» **Working data**:
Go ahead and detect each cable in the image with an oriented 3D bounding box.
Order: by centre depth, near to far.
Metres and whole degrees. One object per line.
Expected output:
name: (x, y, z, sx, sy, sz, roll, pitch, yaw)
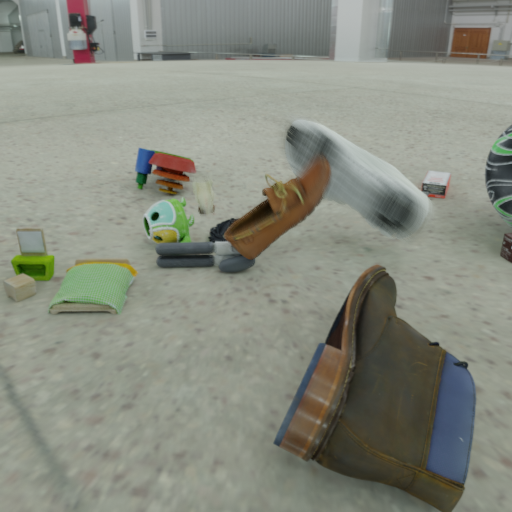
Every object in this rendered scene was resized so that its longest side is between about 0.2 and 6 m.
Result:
cable: (-0.461, -0.444, 11.877, 1.110, 0.345, 1.360, -6, 27, -1)

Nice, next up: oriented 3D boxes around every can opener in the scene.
can opener: (-0.958, 0.019, 10.535, 1.879, 0.501, 0.628, -1, 19, -2)

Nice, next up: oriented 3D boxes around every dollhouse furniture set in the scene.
dollhouse furniture set: (-3.638, 0.134, 9.520, 3.026, 1.168, 1.512, 0, 25, 0)

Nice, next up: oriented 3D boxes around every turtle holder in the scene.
turtle holder: (-1.802, -0.549, 11.508, 0.876, 1.234, 0.938, -12, -5, -26)

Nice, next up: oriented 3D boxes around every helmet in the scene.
helmet: (6.193, -1.678, 11.392, 3.052, 3.052, 2.909, -26, 1, -44)

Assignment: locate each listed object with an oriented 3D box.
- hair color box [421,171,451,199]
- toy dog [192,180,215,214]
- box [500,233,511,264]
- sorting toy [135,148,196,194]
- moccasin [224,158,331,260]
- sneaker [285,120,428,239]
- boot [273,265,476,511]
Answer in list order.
hair color box: (4.792, -1.910, 14.913, 0.631, 0.381, 1.244, 11, 26, 21)
toy dog: (-0.854, -0.908, 9.090, 0.343, 0.477, 0.492, -4, 61, -22)
box: (5.107, -0.158, 10.972, 0.401, 0.489, 0.405, -5, 25, -11)
sorting toy: (-2.494, -2.231, 15.155, 1.555, 1.062, 2.587, 11, 10, -14)
moccasin: (0.380, -0.937, 10.002, 2.255, 0.871, 0.825, -38, 33, 15)
sneaker: (2.017, -1.625, 11.349, 3.346, 1.257, 1.356, 40, 35, 16)
boot: (1.696, 1.443, 6.968, 1.864, 1.437, 3.846, 26, 32, 12)

» **Required work**: Only the listing above, set down exactly and without pictures, belongs in the answer.

» **Response to the exercise**:
Go ahead and detect each cable in the image with an oriented 3D bounding box.
Order: by centre depth, near to far.
Metres and whole degrees. One object per line.
Expected output:
name: (x, y, z, sx, sy, sz, roll, pitch, yaw)
Every object in this rendered scene was resized so that its longest side is between about 0.2 and 6 m.
Result:
cable: (-0.461, -0.444, 11.877, 1.110, 0.345, 1.360, -6, 27, -1)

Nice, next up: oriented 3D boxes around every can opener in the scene.
can opener: (-0.958, 0.019, 10.535, 1.879, 0.501, 0.628, -1, 19, -2)

Nice, next up: oriented 3D boxes around every dollhouse furniture set in the scene.
dollhouse furniture set: (-3.638, 0.134, 9.520, 3.026, 1.168, 1.512, 0, 25, 0)

Nice, next up: oriented 3D boxes around every turtle holder in the scene.
turtle holder: (-1.802, -0.549, 11.508, 0.876, 1.234, 0.938, -12, -5, -26)

Nice, next up: oriented 3D boxes around every helmet in the scene.
helmet: (6.193, -1.678, 11.392, 3.052, 3.052, 2.909, -26, 1, -44)

Assignment: locate each listed object with an oriented 3D box.
- hair color box [421,171,451,199]
- toy dog [192,180,215,214]
- box [500,233,511,264]
- sorting toy [135,148,196,194]
- moccasin [224,158,331,260]
- sneaker [285,120,428,239]
- boot [273,265,476,511]
Answer in list order.
hair color box: (4.792, -1.910, 14.913, 0.631, 0.381, 1.244, 11, 26, 21)
toy dog: (-0.854, -0.908, 9.090, 0.343, 0.477, 0.492, -4, 61, -22)
box: (5.107, -0.158, 10.972, 0.401, 0.489, 0.405, -5, 25, -11)
sorting toy: (-2.494, -2.231, 15.155, 1.555, 1.062, 2.587, 11, 10, -14)
moccasin: (0.380, -0.937, 10.002, 2.255, 0.871, 0.825, -38, 33, 15)
sneaker: (2.017, -1.625, 11.349, 3.346, 1.257, 1.356, 40, 35, 16)
boot: (1.696, 1.443, 6.968, 1.864, 1.437, 3.846, 26, 32, 12)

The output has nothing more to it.